• _What this task involves_: Print the full listing exactly.

+++++

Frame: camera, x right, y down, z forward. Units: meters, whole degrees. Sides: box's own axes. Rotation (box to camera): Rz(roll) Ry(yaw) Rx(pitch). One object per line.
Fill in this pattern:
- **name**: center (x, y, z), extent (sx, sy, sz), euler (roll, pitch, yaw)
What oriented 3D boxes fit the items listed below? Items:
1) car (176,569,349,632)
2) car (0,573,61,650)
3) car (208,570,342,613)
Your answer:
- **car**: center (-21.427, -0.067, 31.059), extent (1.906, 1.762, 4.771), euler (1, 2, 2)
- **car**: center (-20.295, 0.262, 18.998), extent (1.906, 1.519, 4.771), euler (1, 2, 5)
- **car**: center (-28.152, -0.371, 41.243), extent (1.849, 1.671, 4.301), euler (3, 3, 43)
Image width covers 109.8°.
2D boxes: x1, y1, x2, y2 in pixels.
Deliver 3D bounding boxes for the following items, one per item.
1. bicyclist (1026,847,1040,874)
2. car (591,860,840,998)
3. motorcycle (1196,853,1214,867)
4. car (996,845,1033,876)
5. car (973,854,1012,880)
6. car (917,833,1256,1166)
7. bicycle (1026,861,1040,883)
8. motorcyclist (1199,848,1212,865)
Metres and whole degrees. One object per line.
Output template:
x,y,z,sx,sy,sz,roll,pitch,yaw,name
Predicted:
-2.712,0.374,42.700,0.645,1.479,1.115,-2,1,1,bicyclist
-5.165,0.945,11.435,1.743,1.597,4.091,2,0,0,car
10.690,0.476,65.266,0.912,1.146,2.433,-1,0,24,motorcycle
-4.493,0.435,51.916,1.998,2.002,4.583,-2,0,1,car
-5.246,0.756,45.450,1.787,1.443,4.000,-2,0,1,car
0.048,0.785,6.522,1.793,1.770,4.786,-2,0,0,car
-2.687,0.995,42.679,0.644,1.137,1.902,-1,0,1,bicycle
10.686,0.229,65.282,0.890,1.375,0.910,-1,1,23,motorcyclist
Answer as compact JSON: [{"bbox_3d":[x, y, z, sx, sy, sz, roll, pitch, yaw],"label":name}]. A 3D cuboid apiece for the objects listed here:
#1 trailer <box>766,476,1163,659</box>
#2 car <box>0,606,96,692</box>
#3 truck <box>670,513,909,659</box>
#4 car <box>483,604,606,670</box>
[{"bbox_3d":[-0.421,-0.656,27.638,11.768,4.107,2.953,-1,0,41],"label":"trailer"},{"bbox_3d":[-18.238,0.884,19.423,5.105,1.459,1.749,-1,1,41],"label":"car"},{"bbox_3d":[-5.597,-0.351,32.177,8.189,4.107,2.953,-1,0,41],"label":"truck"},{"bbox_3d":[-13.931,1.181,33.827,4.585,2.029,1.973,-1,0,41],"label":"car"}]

+++++

• _Exercise response_:
Frame: camera, x right, y down, z forward. Units: meters, whole degrees. Sides: box's own axes. Rotation (box to camera): Rz(roll) Ry(yaw) Rx(pitch). One object per line.
Fill in this pattern:
- **name**: center (x, y, z), extent (sx, sy, sz), euler (roll, pitch, yaw)
What oriented 3D boxes fit the items listed below? Items:
1) car (176,569,349,632)
2) car (0,573,61,650)
3) car (208,570,342,613)
Your answer:
- **car**: center (-21.427, -0.067, 31.059), extent (1.906, 1.762, 4.771), euler (1, 2, 2)
- **car**: center (-20.295, 0.262, 18.998), extent (1.906, 1.519, 4.771), euler (1, 2, 5)
- **car**: center (-28.152, -0.371, 41.243), extent (1.849, 1.671, 4.301), euler (3, 3, 43)
Image width covers 109.8°.
2D boxes: x1, y1, x2, y2 in pixels.
Deliver 3D bounding boxes for the following items, one per item.
1. bicyclist (1026,847,1040,874)
2. car (591,860,840,998)
3. motorcycle (1196,853,1214,867)
4. car (996,845,1033,876)
5. car (973,854,1012,880)
6. car (917,833,1256,1166)
7. bicycle (1026,861,1040,883)
8. motorcyclist (1199,848,1212,865)
Metres and whole degrees. One object per line.
Output template:
x,y,z,sx,sy,sz,roll,pitch,yaw,name
Predicted:
-2.712,0.374,42.700,0.645,1.479,1.115,-2,1,1,bicyclist
-5.165,0.945,11.435,1.743,1.597,4.091,2,0,0,car
10.690,0.476,65.266,0.912,1.146,2.433,-1,0,24,motorcycle
-4.493,0.435,51.916,1.998,2.002,4.583,-2,0,1,car
-5.246,0.756,45.450,1.787,1.443,4.000,-2,0,1,car
0.048,0.785,6.522,1.793,1.770,4.786,-2,0,0,car
-2.687,0.995,42.679,0.644,1.137,1.902,-1,0,1,bicycle
10.686,0.229,65.282,0.890,1.375,0.910,-1,1,23,motorcyclist
Answer as compact JSON: [{"bbox_3d":[x, y, z, sx, sy, sz, roll, pitch, yaw],"label":name}]. A 3D cuboid apiece for the objects listed here:
#1 trailer <box>766,476,1163,659</box>
#2 car <box>0,606,96,692</box>
#3 truck <box>670,513,909,659</box>
#4 car <box>483,604,606,670</box>
[{"bbox_3d":[-0.421,-0.656,27.638,11.768,4.107,2.953,-1,0,41],"label":"trailer"},{"bbox_3d":[-18.238,0.884,19.423,5.105,1.459,1.749,-1,1,41],"label":"car"},{"bbox_3d":[-5.597,-0.351,32.177,8.189,4.107,2.953,-1,0,41],"label":"truck"},{"bbox_3d":[-13.931,1.181,33.827,4.585,2.029,1.973,-1,0,41],"label":"car"}]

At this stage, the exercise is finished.